Access burden and transformation burden are independent query dimensions
Type: note · Status: seedling · Tags: foundations, computational-model
Systems that answer questions face two distinct problems: finding the right inputs, and turning those inputs into the requested output. These are independent axes of difficulty, not stages of a single pipeline. Conflating them produces architectural mistakes — most consequentially, routing symbolic transformations through semantic processing.
The two axes
Access burden is the difficulty of locating the right inputs in the first place. "Who is the HR head?" has low access burden if there is an org chart, high access burden if the answer is buried across email threads. The access problem is what retrieval systems address: search, indexes, navigation, link-following.
Transformation burden is the difficulty of producing the requested output once the inputs are in hand. "Who is the HR head?" has near-zero transformation burden — the answer is the retrieved value. "What were last year's expenses?" may have low access burden (the records are in a known table) but real transformation burden (select the right records and sum them). "Why did expenses increase?" has high transformation burden even after the records are found — the answer requires causal reasoning across multiple data points.
These axes vary independently, and treating "how hard is this query?" as a single dimension hides that structure. A system that retrieves expense records perfectly still cannot sum them reliably through semantic processing — that failure is in the transformation, not the access. A code search that lands on the right module still cannot answer "is this code thread-safe?" without reasoning over concurrency patterns — again, access succeeded but transformation is where the difficulty lies. Better retrieval cannot fix a transformation problem, and more powerful reasoning cannot fix an access problem. Conflating the two leads to systems designed as if improving one axis automatically improves the other.
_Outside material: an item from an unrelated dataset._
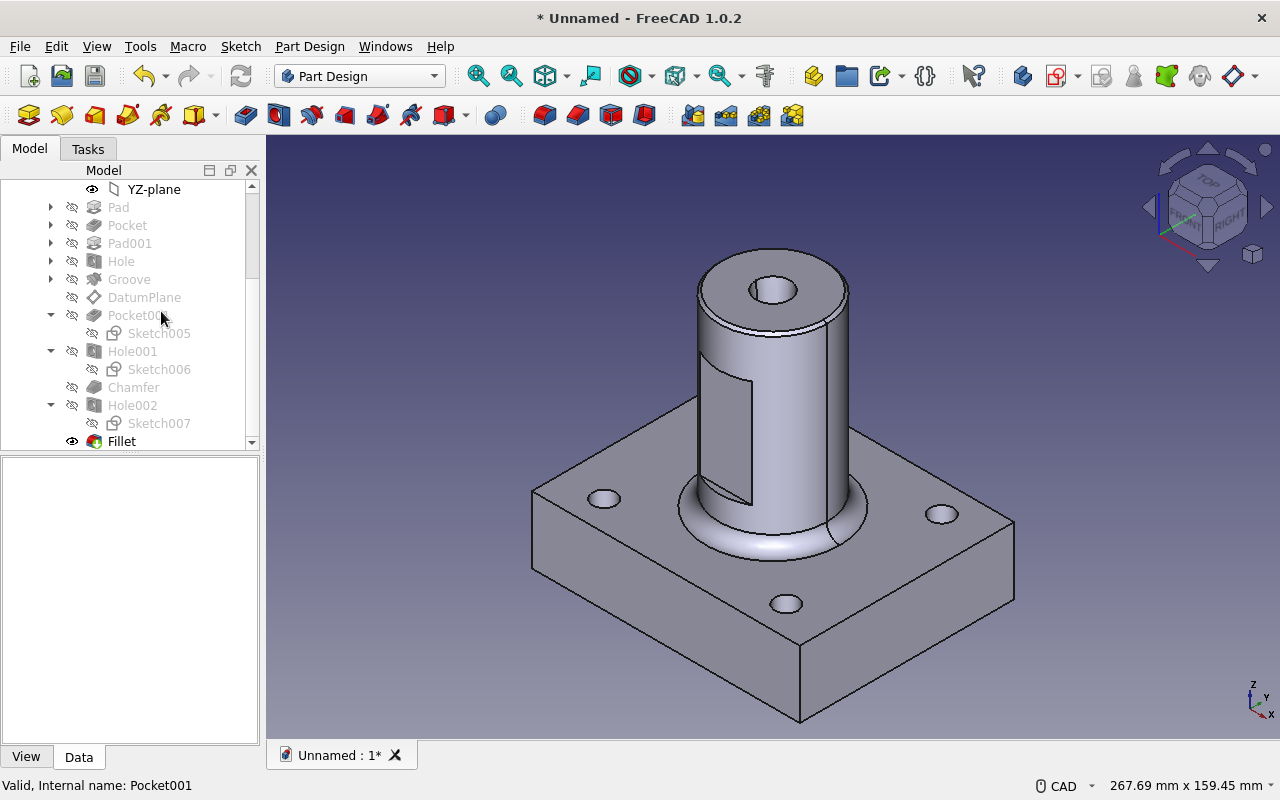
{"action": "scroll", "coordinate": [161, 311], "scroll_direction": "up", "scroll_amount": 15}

Corollary: symbolic transformations routed through semantic processing are a category error
Once transformation burden is visible as its own axis, the most consequential question about it is whether the work is symbolic or semantic.
Symbolic transformations — filtering, counting, aggregating, sorting, joining, deriving — have a unique correct answer given the inputs. "What were last year's expenses?" requires selecting records by date range and summing amounts. This is a database query wearing natural language clothes. The transformation is mechanically deterministic: given the same inputs, every correct execution produces the same output.
Semantic transformations — explaining, synthesising, comparing, conjecturing — do not have unique correct answers. "Why did expenses increase?" requires causal reasoning, relevance judgment, and narrative construction. Different valid answers exist.
Routing a symbolic transformation through an LLM is a category error. It trades deterministic correctness for stochastic approximation, spending context and inference budget on work that a symbolic substrate handles perfectly. The scheduler-LLM separation argument gives the formal reason: symbolic substrates eliminate underspecification, indeterminism, and bias simultaneously — properties an LLM cannot match for bookkeeping operations.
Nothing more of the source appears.